Cortesi was a designer who worked and gave a lot to Italian
industrial design as a designer and as the president of ADI, the
Italian industrial design association".
Angelo Cortesi, Architect and Designer: "The
1979 jury was not a simple one because that edition of the Compasso
d'Oro was not a simple one. We had to evaluate 1,700 products, all
the ones that weren't able to participate in the previous 9 years
since the contest hadn't been held. Reviewing ten years of
production, also ten years of high design production, was difficult
but, after a series of heated discussions, we made a decision:
recognising the historic founders of design, who had a great amount
of products on exhibit, but also recognising new generations, new
entries in Italian design".
Anty Pansera: "Tratto won the Compasso d'Oro,
the Zanuso pen, no. Two very different designs?".

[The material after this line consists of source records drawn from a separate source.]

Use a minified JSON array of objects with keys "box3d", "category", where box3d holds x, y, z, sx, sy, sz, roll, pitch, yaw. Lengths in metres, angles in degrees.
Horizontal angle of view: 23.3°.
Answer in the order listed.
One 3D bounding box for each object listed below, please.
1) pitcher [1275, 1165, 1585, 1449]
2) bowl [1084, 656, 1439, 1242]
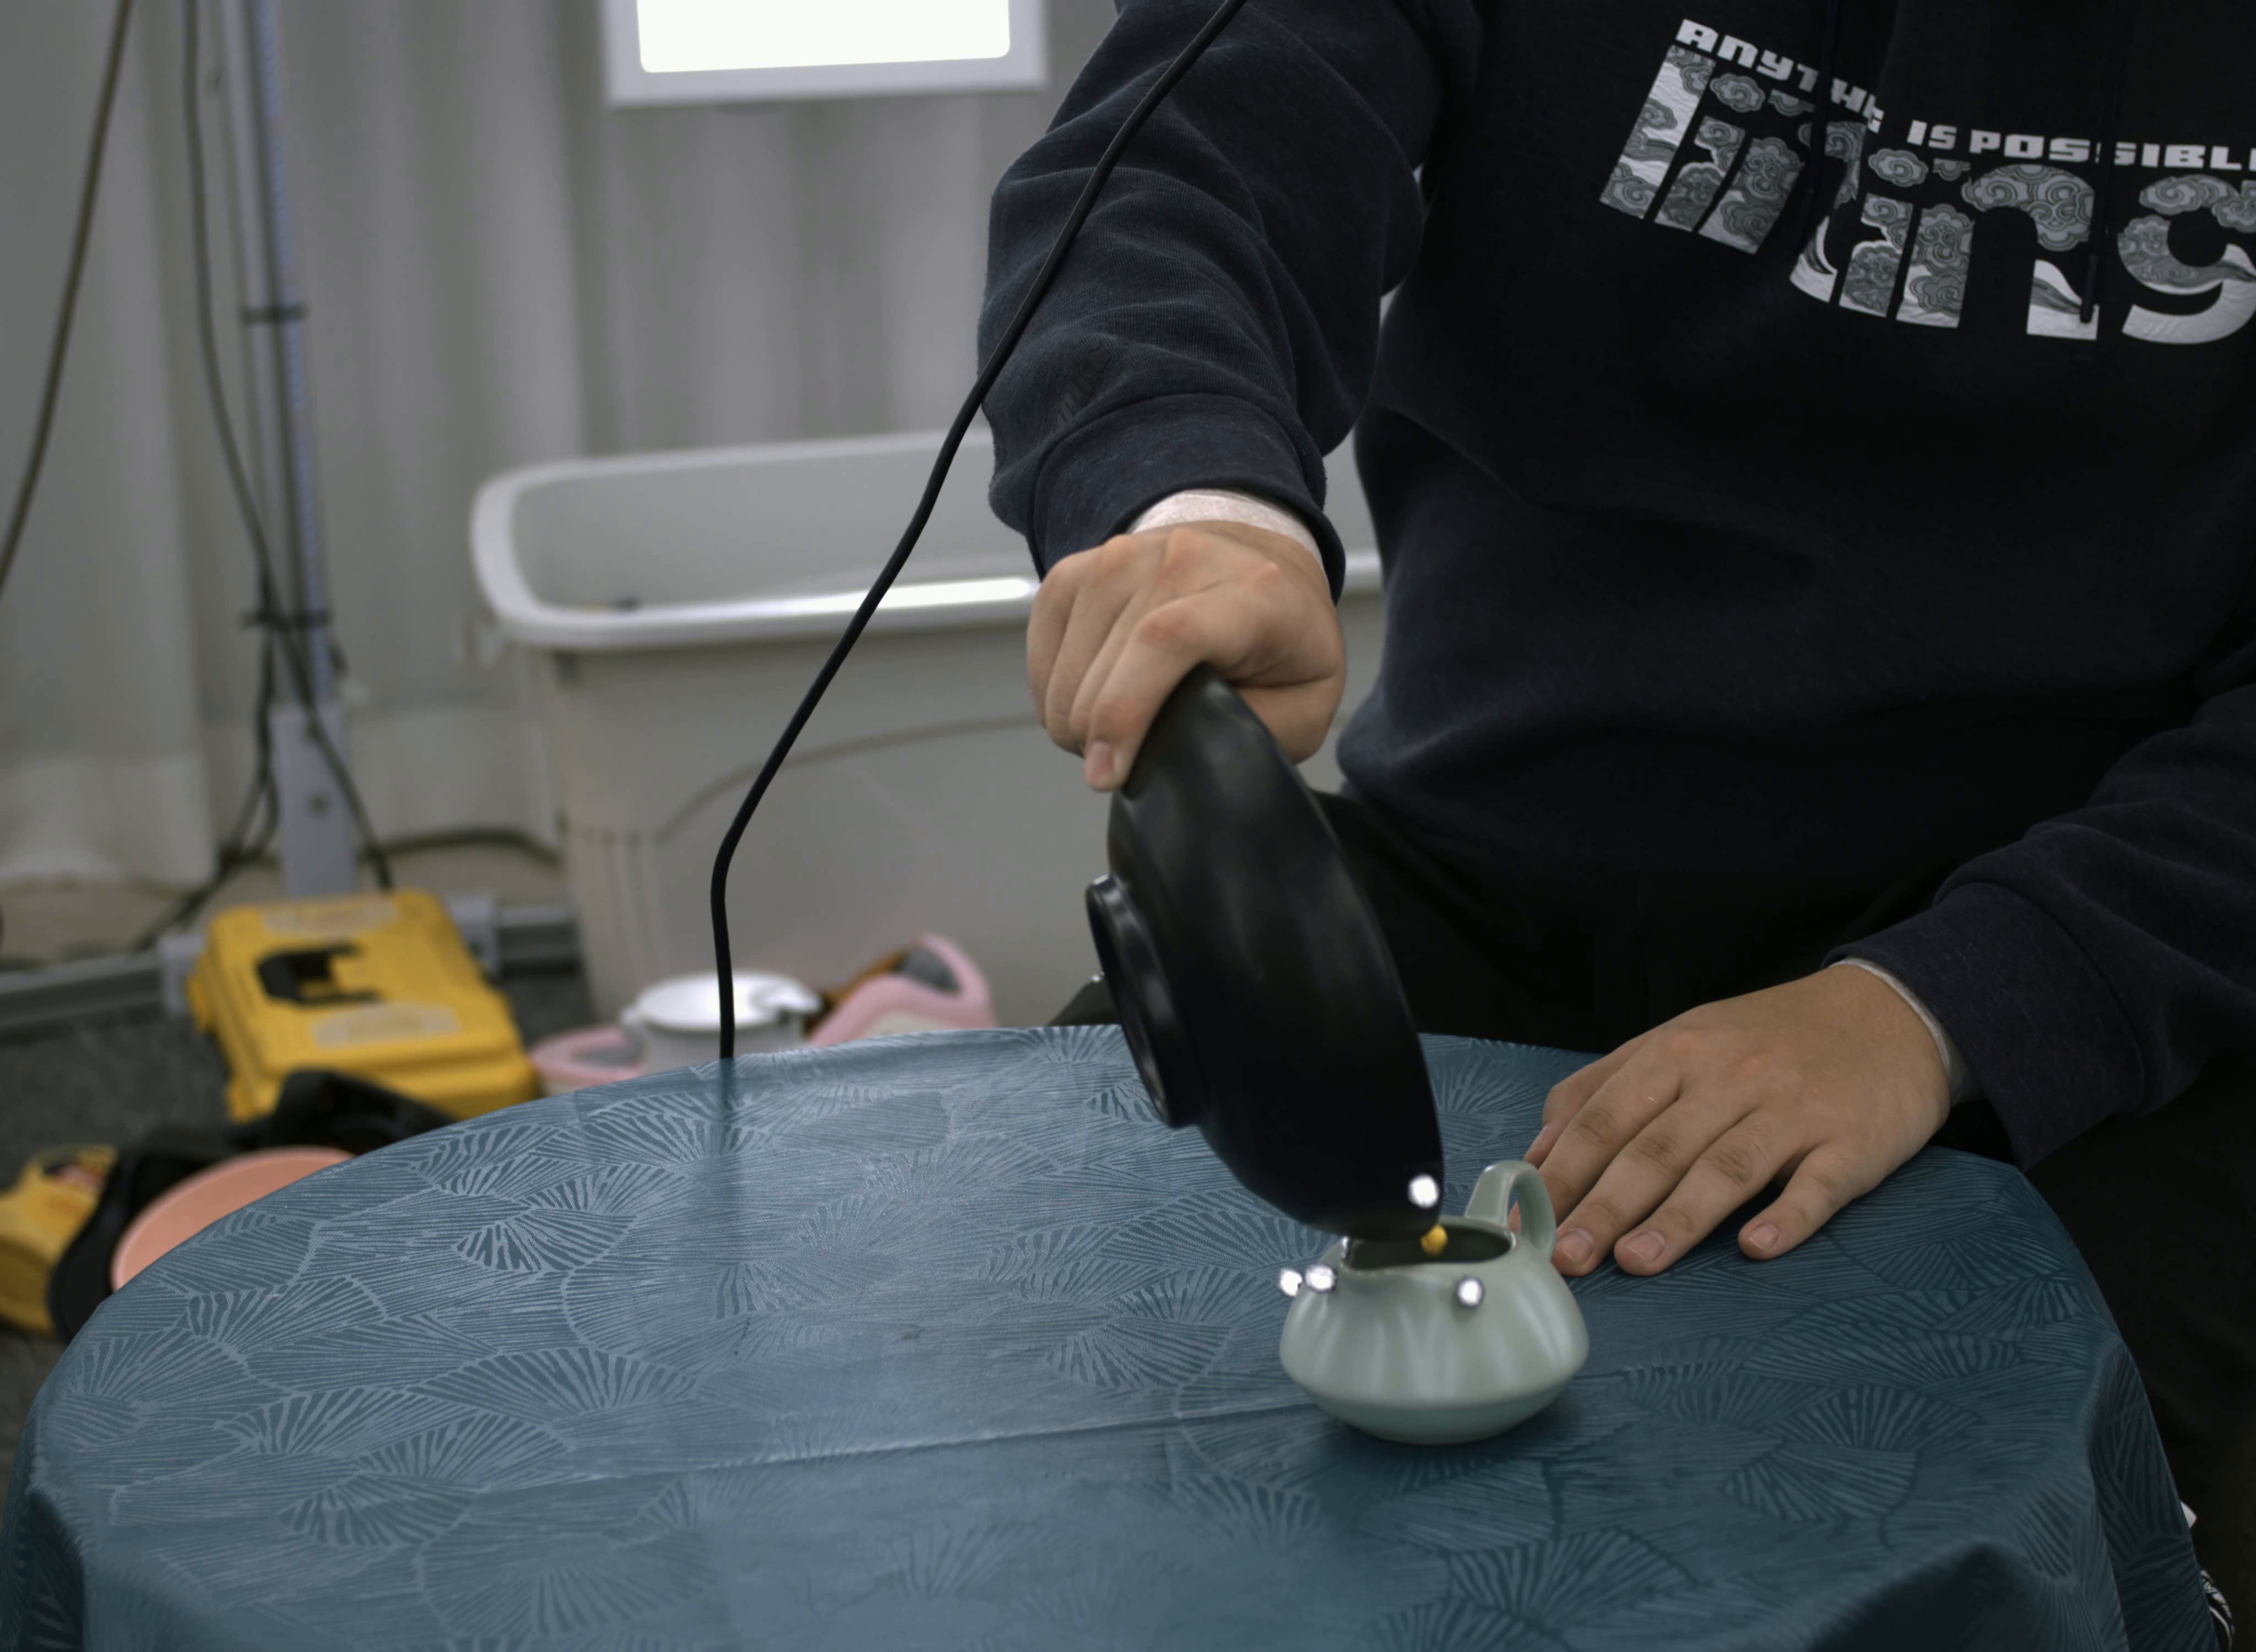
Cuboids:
[{"box3d":[0.089,0.134,1.522,0.086,0.060,0.108,7,16,30],"category":"pitcher"},{"box3d":[0.030,0.040,1.476,0.066,0.170,0.138,-19,11,-6],"category":"bowl"}]

Angelo Cortesi: "Succeeding in "writing" a
design story on a product with so few elements, as a pen can be, is
a difficult task. But Design Group Italia and Zanuso succeeded in
writing a great story from the design standpoint".

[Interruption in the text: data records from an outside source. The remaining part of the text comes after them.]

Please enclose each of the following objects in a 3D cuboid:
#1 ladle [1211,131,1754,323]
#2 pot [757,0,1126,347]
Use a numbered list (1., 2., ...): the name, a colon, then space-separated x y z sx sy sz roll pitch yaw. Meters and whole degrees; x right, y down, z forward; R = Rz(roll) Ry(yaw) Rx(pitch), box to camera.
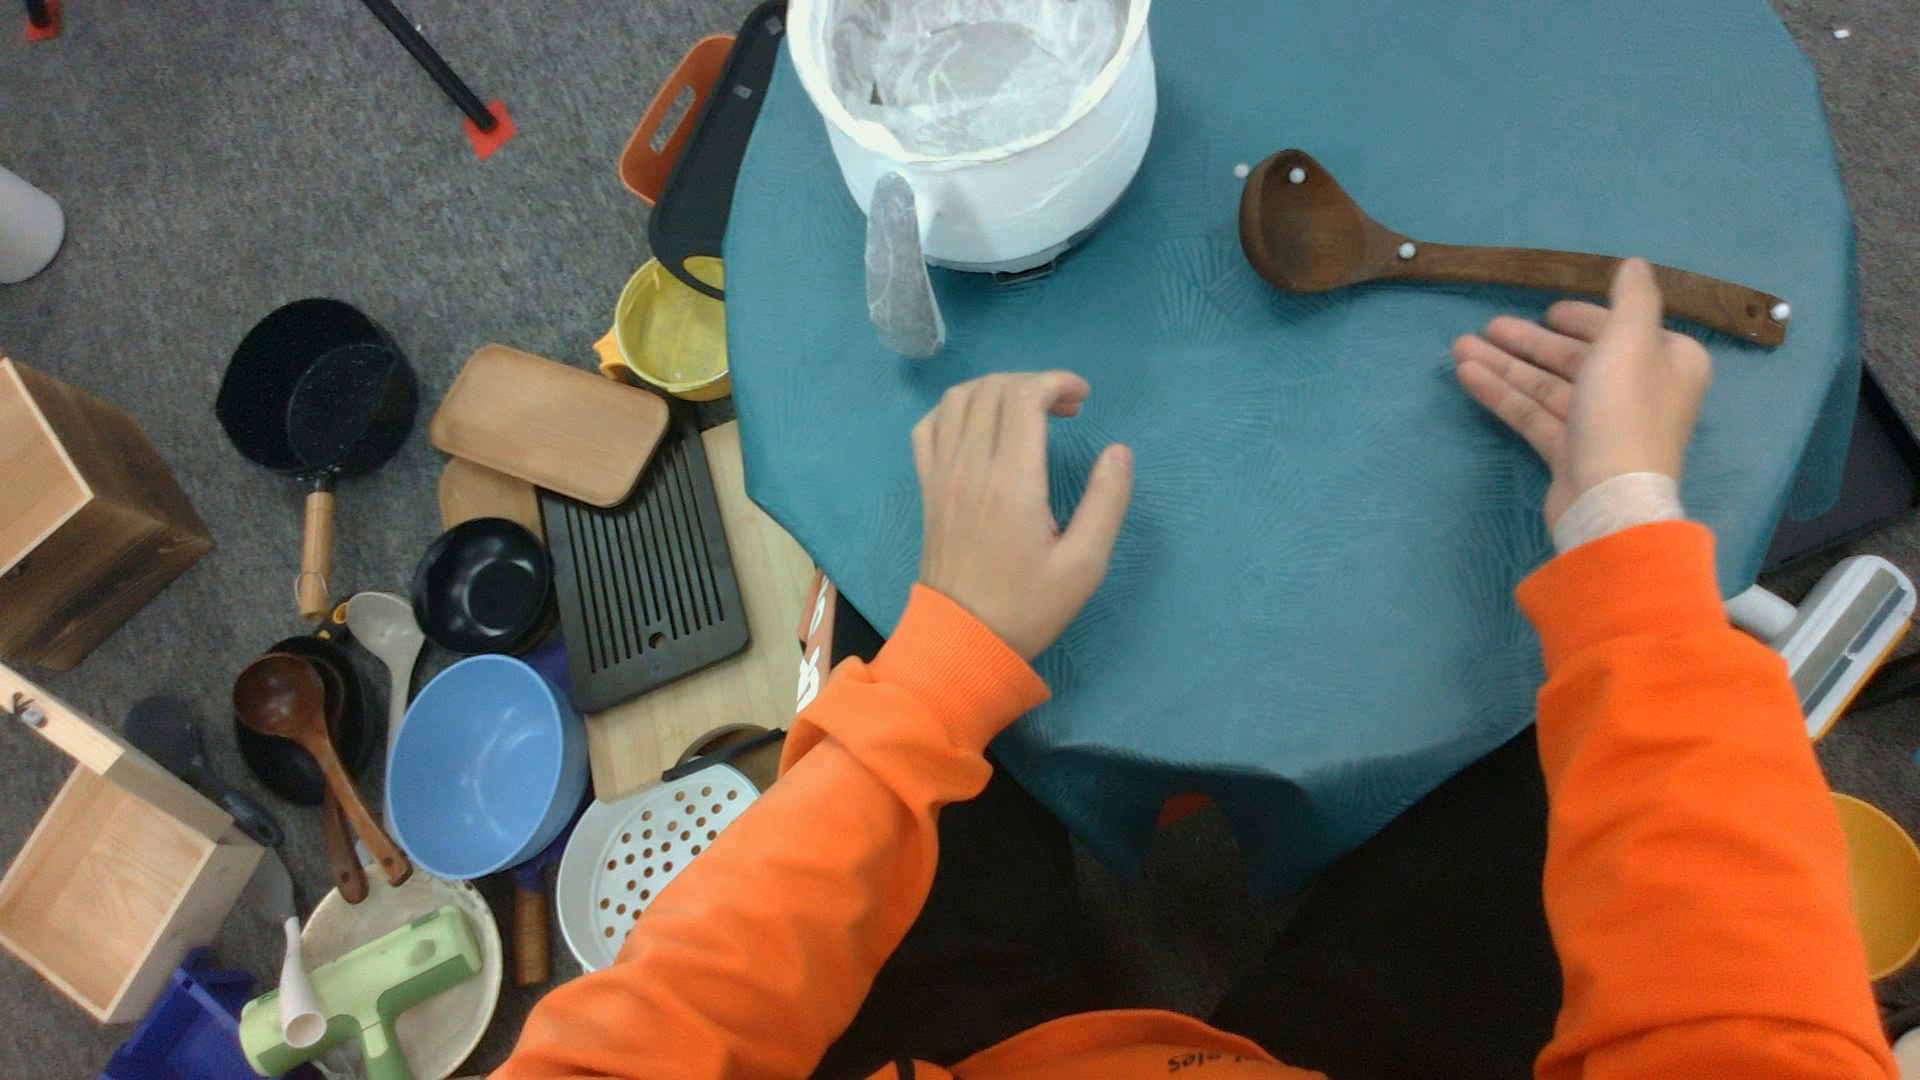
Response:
1. ladle: 0.264 -0.153 0.694 0.274 0.071 0.076 11 80 12
2. pot: -0.011 -0.223 0.720 0.178 0.136 0.234 14 77 13

Anty Pansera: "Does the future hold surprises
for traditional writing tools?".
Angelo Cortesi: "For a certain period of time,
some were certain that traditional writing tools would disappear,
just as some theorist predicted paper would disappear. In reality,
we now consume much more paper than before and also many more
traditional writing tools, or manual ones, than before. In a
discussion, one of the long ones with Enzo Mari, it emerged that
product, in reality, multiply, they do not disappear; thus, despite
the use of the computer, manual writing tools will always be
around".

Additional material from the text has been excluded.